Thursday, May 26, 2011

A Little Bit

Not sure why my server is rejecting my photos, so I will make this one short, as I understand myself not wanting to just look at words…

Today I am trying to stay on task (life) and finally go get a haircut and my nails did. That should help, and be a nice reprieve from working in the yard and dealing with real-life stuff. Besides the foot bath should help my feet. Also, I need to remind myself to make that LONG-overdue call to the woman I traded graphic design for a massage, and let her know how fabulous her partner the masseuse was. I am hoping I can let her know why it has taken me so long to return her call, and at the same time see if she/they know anything about massage for FMS and the associated trigger points. That would be nice. I want to try acupuncture, but I am hesitant to do anything even semi-permanent when I am needing to have as many of my symptoms present at this time. Heck, it has already been 10 years (not the 9 I previously thought) which I have been dealing with this…. whats a few more weeks? ;)
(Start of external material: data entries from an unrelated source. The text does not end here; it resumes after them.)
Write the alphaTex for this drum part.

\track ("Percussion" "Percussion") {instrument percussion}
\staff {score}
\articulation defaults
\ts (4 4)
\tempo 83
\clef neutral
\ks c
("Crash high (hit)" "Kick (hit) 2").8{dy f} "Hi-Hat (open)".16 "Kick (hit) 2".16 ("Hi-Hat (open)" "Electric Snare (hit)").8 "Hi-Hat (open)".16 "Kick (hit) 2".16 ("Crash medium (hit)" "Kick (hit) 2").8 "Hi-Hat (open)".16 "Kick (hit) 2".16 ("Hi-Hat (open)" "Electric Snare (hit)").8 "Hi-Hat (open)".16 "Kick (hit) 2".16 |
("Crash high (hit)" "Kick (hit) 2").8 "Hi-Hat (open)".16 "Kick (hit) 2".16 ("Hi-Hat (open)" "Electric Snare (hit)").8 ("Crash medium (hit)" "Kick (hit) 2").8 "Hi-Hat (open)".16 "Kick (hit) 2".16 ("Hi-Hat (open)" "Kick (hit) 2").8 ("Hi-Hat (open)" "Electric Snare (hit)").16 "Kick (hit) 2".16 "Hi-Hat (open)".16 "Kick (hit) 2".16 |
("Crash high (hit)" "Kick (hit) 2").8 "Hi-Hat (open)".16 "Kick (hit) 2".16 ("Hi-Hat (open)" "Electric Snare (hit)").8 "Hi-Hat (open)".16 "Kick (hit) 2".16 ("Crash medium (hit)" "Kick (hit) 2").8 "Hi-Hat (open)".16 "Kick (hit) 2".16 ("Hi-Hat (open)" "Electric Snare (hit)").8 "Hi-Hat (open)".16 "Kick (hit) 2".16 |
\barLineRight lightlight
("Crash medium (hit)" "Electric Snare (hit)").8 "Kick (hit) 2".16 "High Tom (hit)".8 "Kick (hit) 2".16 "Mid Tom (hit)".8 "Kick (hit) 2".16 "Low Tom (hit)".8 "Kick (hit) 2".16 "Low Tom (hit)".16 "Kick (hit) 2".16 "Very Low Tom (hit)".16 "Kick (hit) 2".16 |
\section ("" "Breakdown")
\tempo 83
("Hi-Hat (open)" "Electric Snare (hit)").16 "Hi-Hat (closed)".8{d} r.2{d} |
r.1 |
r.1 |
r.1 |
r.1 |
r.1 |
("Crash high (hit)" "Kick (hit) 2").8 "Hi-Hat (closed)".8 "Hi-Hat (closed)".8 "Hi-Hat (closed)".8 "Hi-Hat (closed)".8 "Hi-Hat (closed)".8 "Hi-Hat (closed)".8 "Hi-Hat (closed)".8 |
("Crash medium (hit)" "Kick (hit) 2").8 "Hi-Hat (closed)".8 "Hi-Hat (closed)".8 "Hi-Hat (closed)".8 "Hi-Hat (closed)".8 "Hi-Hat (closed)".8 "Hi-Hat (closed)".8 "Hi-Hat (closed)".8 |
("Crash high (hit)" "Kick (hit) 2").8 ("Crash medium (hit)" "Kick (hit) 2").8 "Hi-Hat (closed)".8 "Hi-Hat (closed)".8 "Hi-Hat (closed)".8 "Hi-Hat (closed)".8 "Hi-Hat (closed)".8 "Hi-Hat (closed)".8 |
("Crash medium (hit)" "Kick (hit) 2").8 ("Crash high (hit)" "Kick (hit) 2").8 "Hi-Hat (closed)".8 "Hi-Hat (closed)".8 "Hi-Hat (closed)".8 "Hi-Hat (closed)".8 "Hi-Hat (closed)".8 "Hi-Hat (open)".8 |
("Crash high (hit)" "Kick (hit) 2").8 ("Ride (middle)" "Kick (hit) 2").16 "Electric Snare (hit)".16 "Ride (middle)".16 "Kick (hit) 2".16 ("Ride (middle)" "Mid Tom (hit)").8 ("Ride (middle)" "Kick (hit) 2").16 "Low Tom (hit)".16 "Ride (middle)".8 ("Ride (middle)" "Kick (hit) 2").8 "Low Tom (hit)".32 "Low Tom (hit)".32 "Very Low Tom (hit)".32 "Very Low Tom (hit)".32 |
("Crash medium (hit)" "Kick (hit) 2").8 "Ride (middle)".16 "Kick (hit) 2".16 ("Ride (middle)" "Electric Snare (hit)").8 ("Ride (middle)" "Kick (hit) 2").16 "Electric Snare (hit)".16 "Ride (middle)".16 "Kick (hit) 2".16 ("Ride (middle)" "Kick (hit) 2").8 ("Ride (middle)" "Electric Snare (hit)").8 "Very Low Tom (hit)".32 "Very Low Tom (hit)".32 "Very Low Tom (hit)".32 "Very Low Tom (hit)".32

P.S. I hope these posts don't sound like downers. I still have lots of spunk left and feel there is much to look forward to, so you will see more pretty things and hopefully inspiring things int he near future! I just know my sense of humor will come back FULL-FORCE - it is right around the corner. I feel it.
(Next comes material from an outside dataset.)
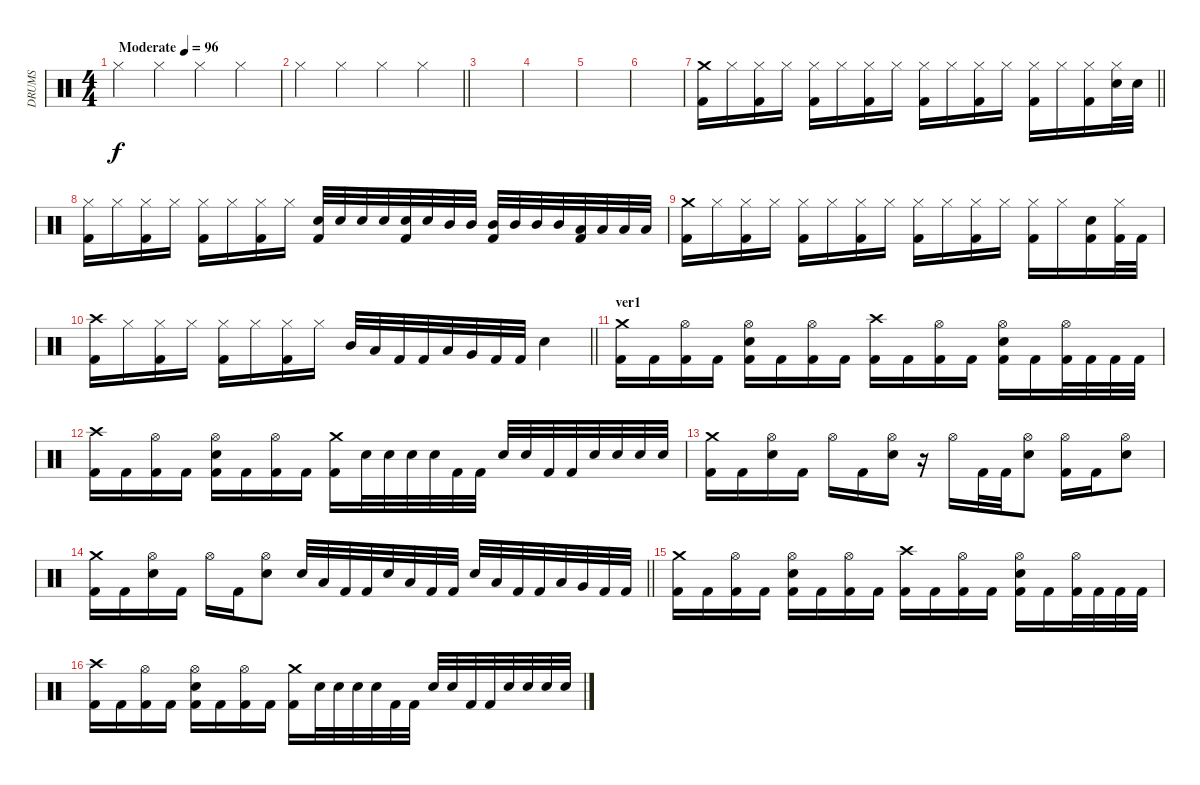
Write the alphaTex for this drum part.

Freestylers - Cracks ft. Belle Humble (Flux Pavilion Remix)

Tuesday, May 24, 2011

why… why… WHY….?

That is the question…. Why have I not been able to post like I swore to myself I would…?
Well, I think I have a better answer now than the one I had been giving myself: "I am obviously flakey." I knew I have long had issues with short-term memory and lack of organization (for about 9 years now), but all the same it has been very frustrating. I know I love organization and remembering things, as silly as that sounds. So why have I had problems doing this, when I know I am not careless or intentionally flakey? I got the answer yesterday.

 I went to see my doc to address some concerns with what I thought was arthritis. I could still have arthritis but after several questions and answers, she pulled her chair up right in front of me and said the dreaded word: fibromyalgia. I really don't want to drone on with how bad it has been, but I would like to mention how amazing it can be when you have been called a hypochondriac for years, and had all sorts of serious physical complaints that people sort of dismiss as due you being lazy and not wanting to exercise.  So, with the divorce going on full-force, and me just getting papers accusing me of freeloading and not wanting to work (never-mind my occasional inability to remember my own birthdate or forgetting half of all appointments I make) I now have something to shove in the face of my adversarial. I did tell my doc how "I didn't want this diagnosis," and had to tell her that all I have heard about it is that people don't believe it is real (other than all in your head) and that aside from this, my "ex" thinks that anything with the words "disorder" or "syndrome" are not real medical conditions. Her reply was "Obviously he is the smartest man in the world." I do love her.
So, as a glass half full sort of person, I am not only relieved, but I think the timing could not be more perfect. On top of that, perhaps I can get better treatment for the extreme fatigue, chronic aches and pains, and inability to stay on task. Not sure if I really do have ADHD and chronic fatigue and anxiety (all of which I have been treated for in the last several years) or if it all falls under fibromyalgia. In fact, I finally went to look it up, and I have every single characteristic of the condition. So, as I will still go to see a rheumatologist for my hands and feet (and an oral cancer specialist for my tongue due to "bruxing" or grinding, which is another symptom of FM) I will try to take things easy, not be hard on myself, and maybe this will help me relax enough to make time for art, which is what I really truly need right now.

Oh, and here are some pictures of my new (free!) couch and chair I got on Craigslist… a beautiful Arts & Crafts mohair set, in nearly perfect condition.
(What in the hell is a "Mo"???)


P.P.S. Please take a look at the first picture in this post, with the side table next to the couch, and see If you can see a better way to position the table. It is TOTALLY bugging me and my 'spacial organization' section of my brain.